Chief of Cardiothoracic Surgery, Hutchinson Hospital, Hutchinson Kansas
EDITORIAL
It is an exceptional honor to introduce the printed and multimedia versions of The Heart Surgery Forum®. This inaugural printing takes place nearly 3 years after the inception of the HSF Internet site on the World Wide Web at http://www.hsforum.com/. In this short time, the Forum has utilized the Internet to integrate the minds and experiences of surgeons from over 65 countries. Services offered over the Web site include a peer reviewed online scientific journal and discussion lists which bring the latest in issues and answers to every surgeon regardless of location on the globe. As we launch this version of the HSF in print and multimedia CD-ROM, the natural question is: why another journal for cardiothoracic surgery? There are excellent publications already, each of which has a long tradition of service and excellence for the profession. In this first Editorial, I hope to portray my vision for the HSF and the raison d'etre of the Heart Surgery Forum®.

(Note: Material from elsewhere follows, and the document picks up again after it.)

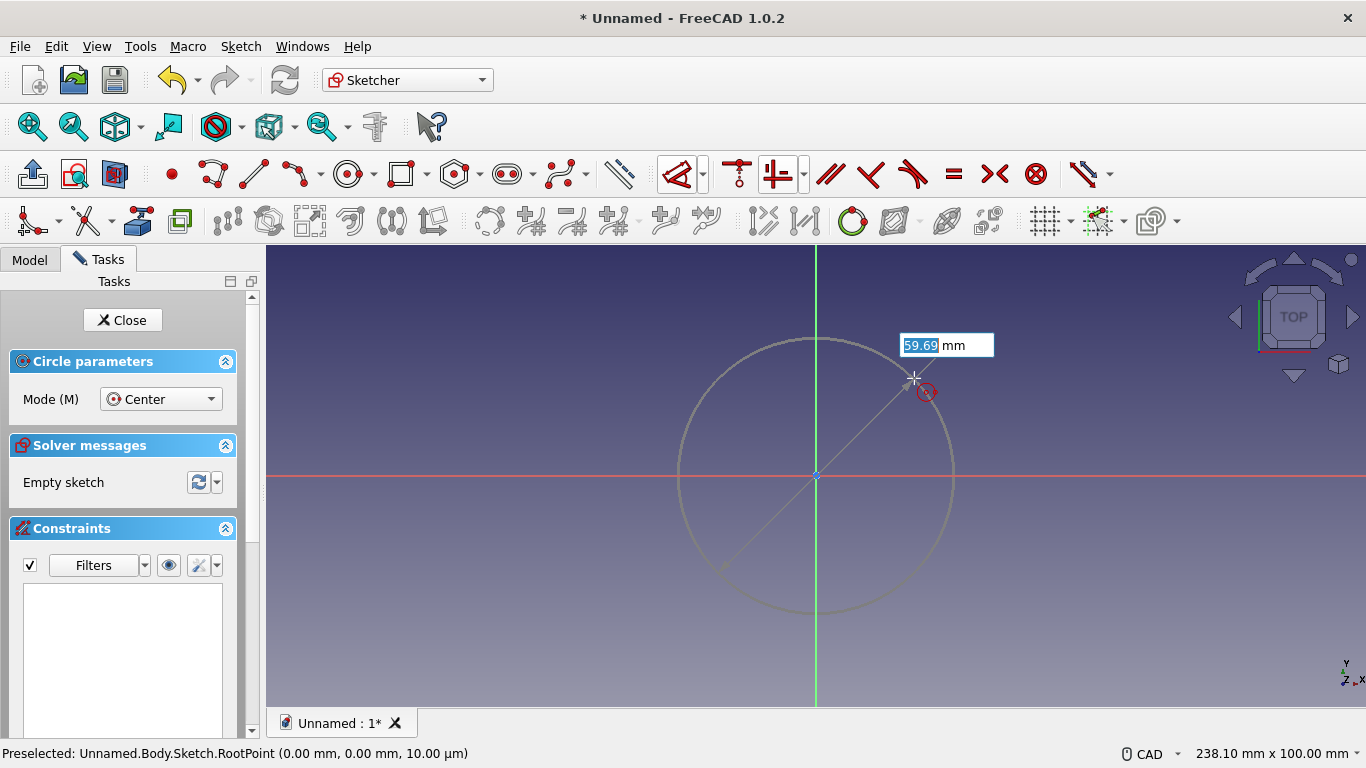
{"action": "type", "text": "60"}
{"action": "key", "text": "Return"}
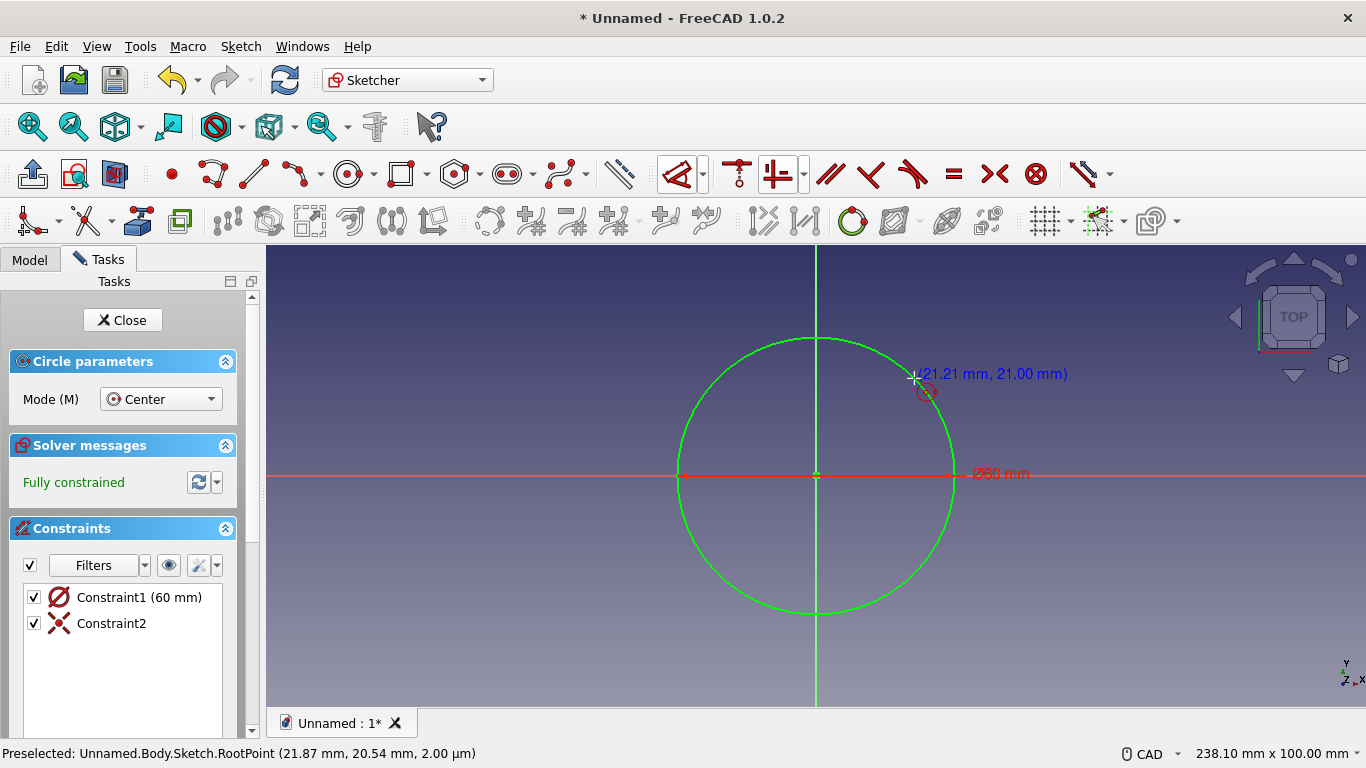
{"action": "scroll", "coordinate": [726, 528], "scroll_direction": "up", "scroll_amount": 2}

Communication is power. Information is power. For the practicing surgeon, there is nothing more powerful than understanding what succeeds and avoiding what fails. Every surgeon seeks to know how to apply his/her craft with steadily improving results. To accomplish this on a daily basis requires experience, wisdom, and the benefits of other surgeons trial and error. We are all hungry to know what has worked for others and what will work tomorrow. In the past, we have gathered this fruit from many trees, usually from conferences, discussions with colleagues, and our traditional publications.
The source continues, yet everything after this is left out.